You might have heard the Oscars are on Sunday. (The Favourite is great; all the Best Actress nominees are amazing and wonderful, give them a five-way tie; still unsure how you can be in the shallow and far from the shallow simultaneously. Moving on.) The rich and famous will descend on the Dolby Theater like a cloud of gown-and-tux-clad insects, a mass held together by loaned diamonds, vape pens, and double-sided tape. Afterward, they eat.
Adam Campbell-Schmidt of Food & Wine spoke with a little-known cook named Wolfgang Puck who has, for the 25th consecutive year, created the elaborate menu that awaits attendees of the Governors Ball. The brief interview is worth reading in full, if only for little anecdotes like this one:
Since the mid-1980s, Hollywood agent Irving “Swifty” Lazar had hosted his own party at Puck’s Beverly Hills hotspot Spago... “Everybody came to Spago,” Puck said. “People would watch the show at the restaurant and then race downtown, because in those days the Oscars were downtown, go onstage to get their Oscar and then come right back.”
As for the food, it’s enough to make you want to eat all 30-odd dishes, or, perhaps, the rich.
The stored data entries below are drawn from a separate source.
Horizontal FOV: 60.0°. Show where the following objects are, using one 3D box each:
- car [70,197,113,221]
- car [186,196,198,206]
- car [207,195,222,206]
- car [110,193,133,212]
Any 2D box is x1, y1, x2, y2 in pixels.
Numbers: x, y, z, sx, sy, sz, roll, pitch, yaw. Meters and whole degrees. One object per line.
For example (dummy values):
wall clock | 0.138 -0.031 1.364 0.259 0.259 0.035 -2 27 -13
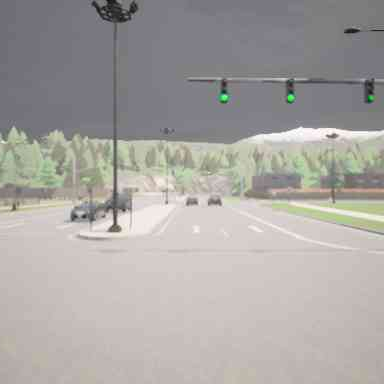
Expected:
car | -8.096 1.428 26.428 2.128 1.511 4.902 0 0 0
car | 0.003 1.368 52.070 2.128 1.511 4.902 0 0 0
car | 3.503 1.227 52.070 2.097 1.767 4.553 0 0 0
car | -8.075 1.133 37.157 2.150 2.045 5.566 0 0 1
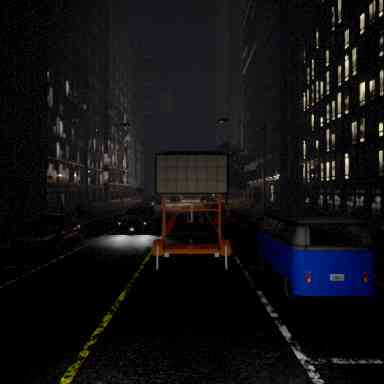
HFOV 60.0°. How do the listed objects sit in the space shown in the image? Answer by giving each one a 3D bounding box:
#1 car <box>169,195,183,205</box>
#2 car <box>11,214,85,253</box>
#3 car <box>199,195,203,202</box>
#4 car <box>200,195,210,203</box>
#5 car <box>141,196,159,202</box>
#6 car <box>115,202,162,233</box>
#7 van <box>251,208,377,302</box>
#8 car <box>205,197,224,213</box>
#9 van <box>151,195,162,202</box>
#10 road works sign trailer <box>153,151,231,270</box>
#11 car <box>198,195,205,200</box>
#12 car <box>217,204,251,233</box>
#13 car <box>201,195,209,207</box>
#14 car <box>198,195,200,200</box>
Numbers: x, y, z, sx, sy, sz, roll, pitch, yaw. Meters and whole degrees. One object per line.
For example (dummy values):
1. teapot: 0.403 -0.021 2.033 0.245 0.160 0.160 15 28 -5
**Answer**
1. car: -3.108 1.482 60.303 1.837 1.490 4.892 0 0 0
2. car: -5.699 1.581 13.693 1.802 1.307 4.206 0 0 0
3. car: 2.660 1.538 53.543 2.008 1.369 4.403 0 0 0
4. car: 2.650 1.401 70.620 1.967 1.590 4.097 0 0 0
5. car: -5.715 1.548 42.157 2.008 1.369 4.403 0 0 0
6. car: -3.113 1.547 19.858 2.033 1.411 5.357 0 0 0
7. van: 2.686 1.341 8.004 1.690 1.788 3.998 0 0 0
8. car: 2.669 1.581 36.466 1.802 1.307 4.206 0 0 0
9. van: -5.721 1.328 53.542 1.690 1.788 3.998 0 0 0
10. road works sign trailer: -0.006 0.464 11.021 2.380 3.560 2.880 0 0 0
11. car: 2.638 1.462 93.390 1.887 1.381 4.507 0 0 0
12. car: 2.679 1.581 19.388 1.802 1.307 4.206 0 0 0
13. car: 2.663 1.544 47.850 2.008 1.369 4.403 0 0 0
14. car: 2.654 1.410 64.928 1.967 1.590 4.097 0 0 0
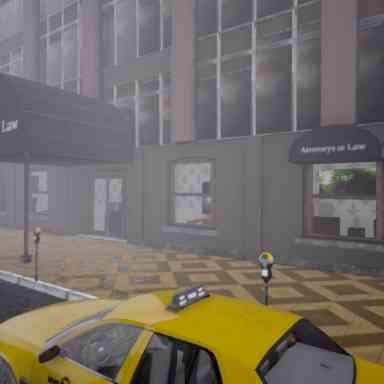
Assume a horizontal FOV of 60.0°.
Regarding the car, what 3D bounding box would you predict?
[{"bbox_3d":[-0.239,1.525,3.041,4.829,1.417,1.752,0,0,36],"label":"car"}]
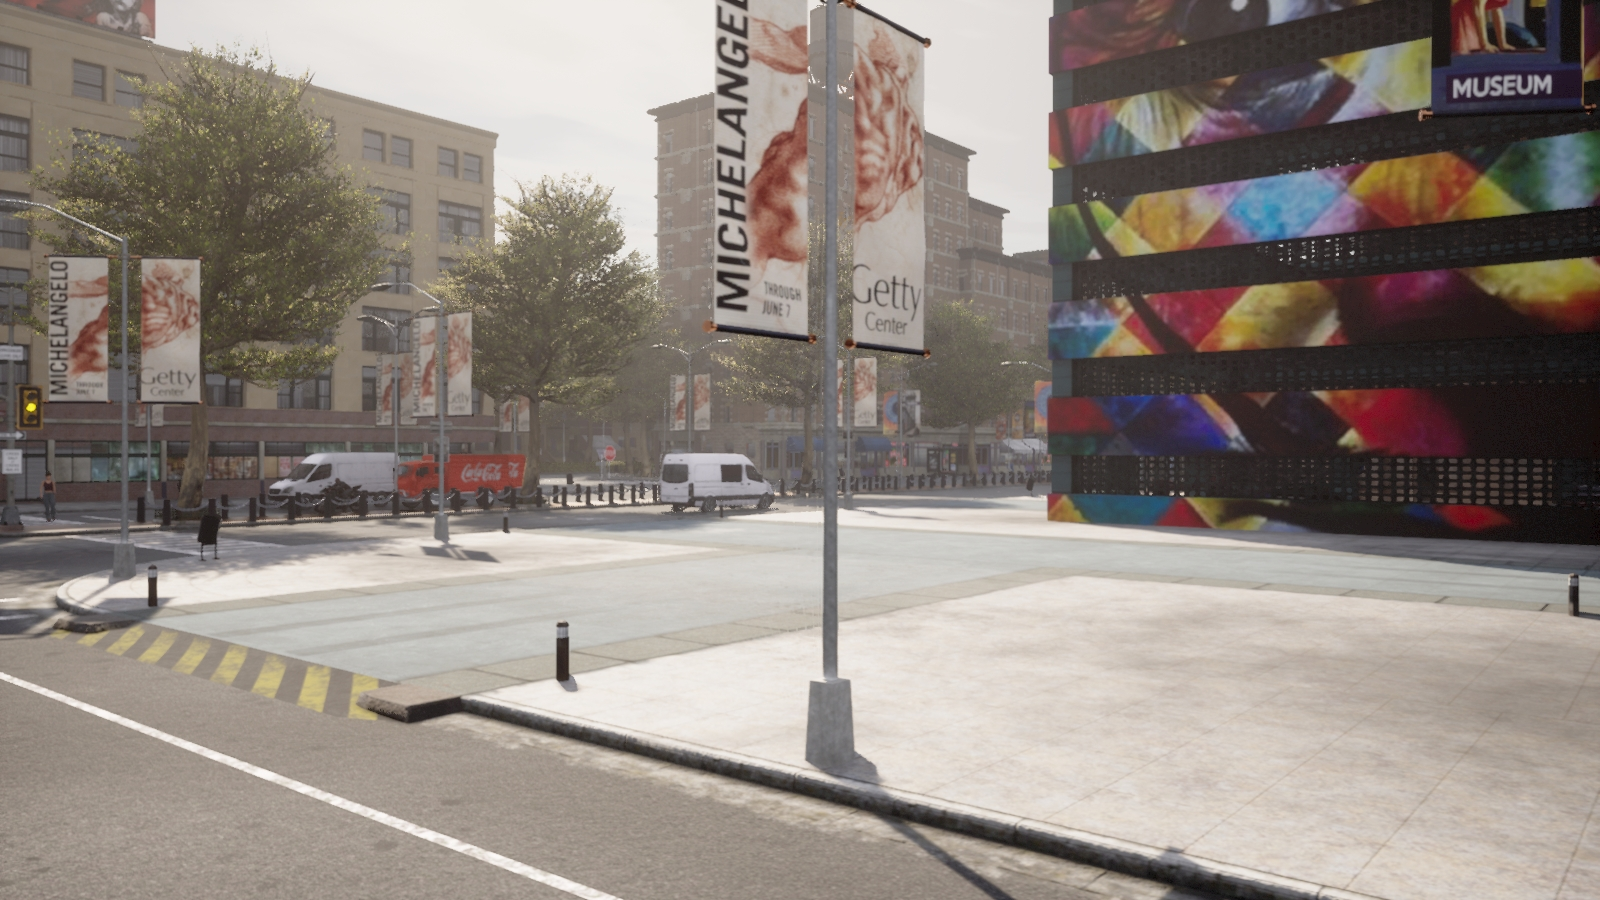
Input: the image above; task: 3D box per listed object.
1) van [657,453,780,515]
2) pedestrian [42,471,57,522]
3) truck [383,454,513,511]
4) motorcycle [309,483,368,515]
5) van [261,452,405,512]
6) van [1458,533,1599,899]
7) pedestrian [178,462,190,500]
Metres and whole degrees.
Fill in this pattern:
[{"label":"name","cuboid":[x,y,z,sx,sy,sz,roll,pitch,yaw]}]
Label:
[{"label":"van","cuboid":[-3.533,1.443,50.910,1.988,2.561,5.915,0,0,39]},{"label":"pedestrian","cuboid":[-27.813,1.717,42.335,0.375,1.860,0.375,0,0,45]},{"label":"truck","cuboid":[-16.345,1.443,53.299,2.627,2.467,5.204,0,0,39]},{"label":"motorcycle","cuboid":[-19.787,2.081,49.016,0.867,1.251,2.209,0,0,39]},{"label":"van","cuboid":[-21.381,1.402,52.609,1.988,2.561,5.915,0,0,39]},{"label":"van","cuboid":[4.009,1.538,0.908,5.915,2.561,1.988,0,0,34]},{"label":"pedestrian","cuboid":[-30.623,1.537,56.787,0.375,1.860,0.375,0,0,39]}]
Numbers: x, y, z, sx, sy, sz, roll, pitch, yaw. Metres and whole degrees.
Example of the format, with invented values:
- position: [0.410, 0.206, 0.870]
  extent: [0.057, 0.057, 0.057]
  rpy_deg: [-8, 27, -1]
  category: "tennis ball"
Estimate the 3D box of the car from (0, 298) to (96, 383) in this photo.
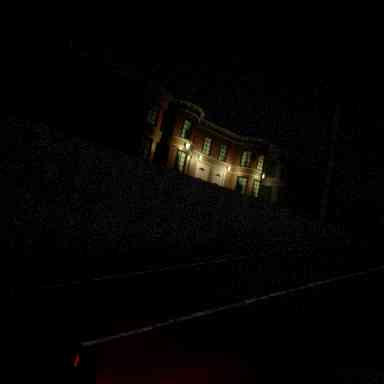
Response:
- position: [-3.051, 1.500, 1.816]
  extent: [4.892, 1.490, 1.837]
  rpy_deg: [0, 0, -35]
  category: "car"
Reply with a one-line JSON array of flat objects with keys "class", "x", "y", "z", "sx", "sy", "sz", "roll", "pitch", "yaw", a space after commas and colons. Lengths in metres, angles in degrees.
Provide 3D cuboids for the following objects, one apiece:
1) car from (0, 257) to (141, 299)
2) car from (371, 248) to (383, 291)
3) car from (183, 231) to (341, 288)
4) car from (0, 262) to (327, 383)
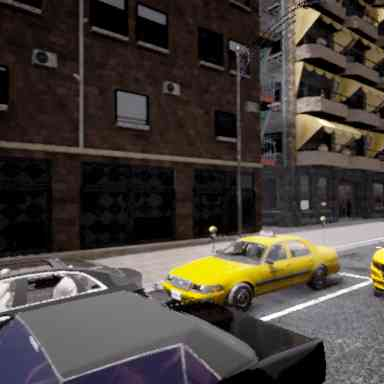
[{"class": "car", "x": -2.694, "y": 1.685, "z": 4.560, "sx": 4.403, "sy": 1.369, "sz": 2.008, "roll": 0, "pitch": 0, "yaw": -37}, {"class": "car", "x": 6.244, "y": 1.507, "z": 8.078, "sx": 5.008, "sy": 1.535, "sz": 1.882, "roll": 0, "pitch": -1, "yaw": -37}, {"class": "car", "x": 1.614, "y": 1.634, "z": 7.813, "sx": 4.829, "sy": 1.417, "sz": 1.752, "roll": 0, "pitch": 0, "yaw": -37}, {"class": "car", "x": -1.056, "y": 1.674, "z": 2.552, "sx": 4.718, "sy": 1.301, "sz": 1.895, "roll": 0, "pitch": -1, "yaw": -38}]
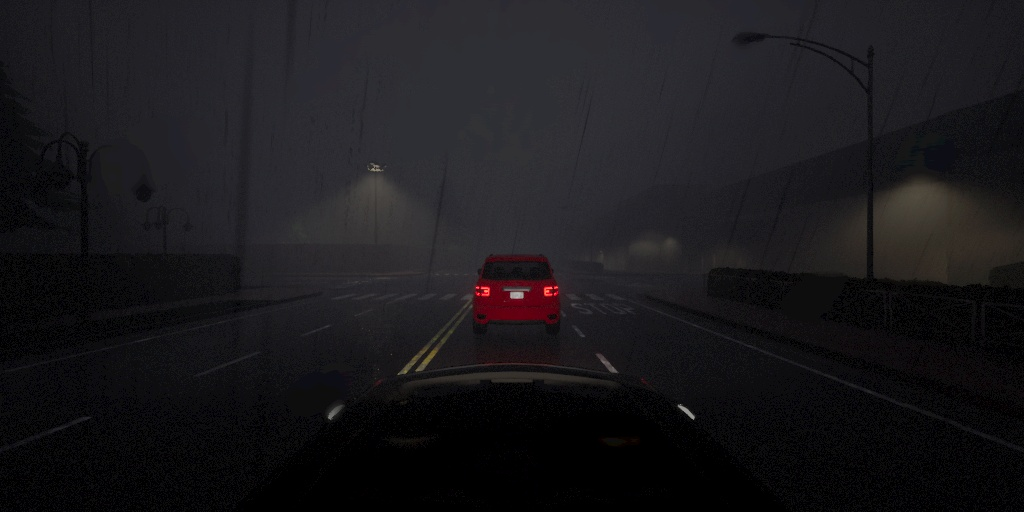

Some highlights:
- The traditional chocolate Oscar statuettes covered in 24 karat gold
- Nashville-style hot quail on a red velvet waffle
- Crostini of compressed watermelon with citrus feta cheese
- Crab deviled eggs
- Miyazaki Wagyu beef tartare on a tapioca crisp
- Spicy tuna tartare in sesame miso cones
- King Crab, lobster, shrimp, oysters, made-to-order nigiri, and more raw seafood
- Frozen golden beets, with almond custard, Meyer lemon, and ice lettuce
- Austrian ricotta dumpling with watercress-pea pesto and lemon brown butter
- Five different dishes with truffles, including a black truffle chicken pot pie
- “Piper Heidsieck Golden Champagne Strawberry Push Pop.” Quick note: worth clicking through to F&W for that photo alone.
- These suckers:
Also, presumably, a lot of very expensive alcohol.
But the food won’t just be whatever they eat at the ball, plus the almonds or whatever Meryl Streep hands out during commercial breaks. The insanely, infuriatingly opulent gift bags also contain foodstuffs.
The “Everyone Wins” gift bags, which as The Independent reports, are not officially affiliated with the Oscars but are instead distributed by Los Angeles-based marketing agency Distinctive Assets, are given to nominees annually and have a value that tops six figures. They include lots of ludicrous, expensive stuff, but we’ll bypass the “luxury small-ship adventure” to the Amazon, Galapagos, Costa Rice, or Iceland, and the “private phobia relief sessions” with a leading expert on phobias in favor of the food/drink/weed stuff. Behold:
- “Premium cannabis-infused edibles, topicals, and concentrates” from Coda Signature
- A. Junod absinthe
- “Age Interventionist Renee Lynn’s CBDRxSupreme protocol”
- A field-to-table dinner for two at the Los Cabos, Mexico-based Flora Farms
- Lots of chocolate, including Chocolate Chocouture chocolates and Good Girl Chocolates, the latter of which are vegan
- Cannabis moisturizer and facial oil
- “Rouge Maple pure organic maple syrup and Glamour Gourmet gift set”
- A “poolside dinner from Nest Seekers International for nominee and friends prepared by celebrity chef”
- Salted Toffee Pretzel Crisp Bars from Optimum Nutrition
- Pepperidge Farm Milano cookies (stars—they’re just like us!)
- Posh Pretzels
- Southern Wicked Lemonade’s lemonade moonshine
- Tru Niagen Age Better dietary supplements
- “CloSYS – the spa kit for your mouth”
- And last but far from least, a Yeti cooler filled with Jarritos, which comes with “a commitment from Jarritos to donate a pallet of their great-tasting flavored soft drinks to a charitable event of the nominee’s choice”
On the other hand, I’ll be spending my Oscars eating Love Pizza, drinking my go-to fancy $38 champagne, and now munching on Milano cookies, because if Rachel Weisz eats Milano cookies then I do, too.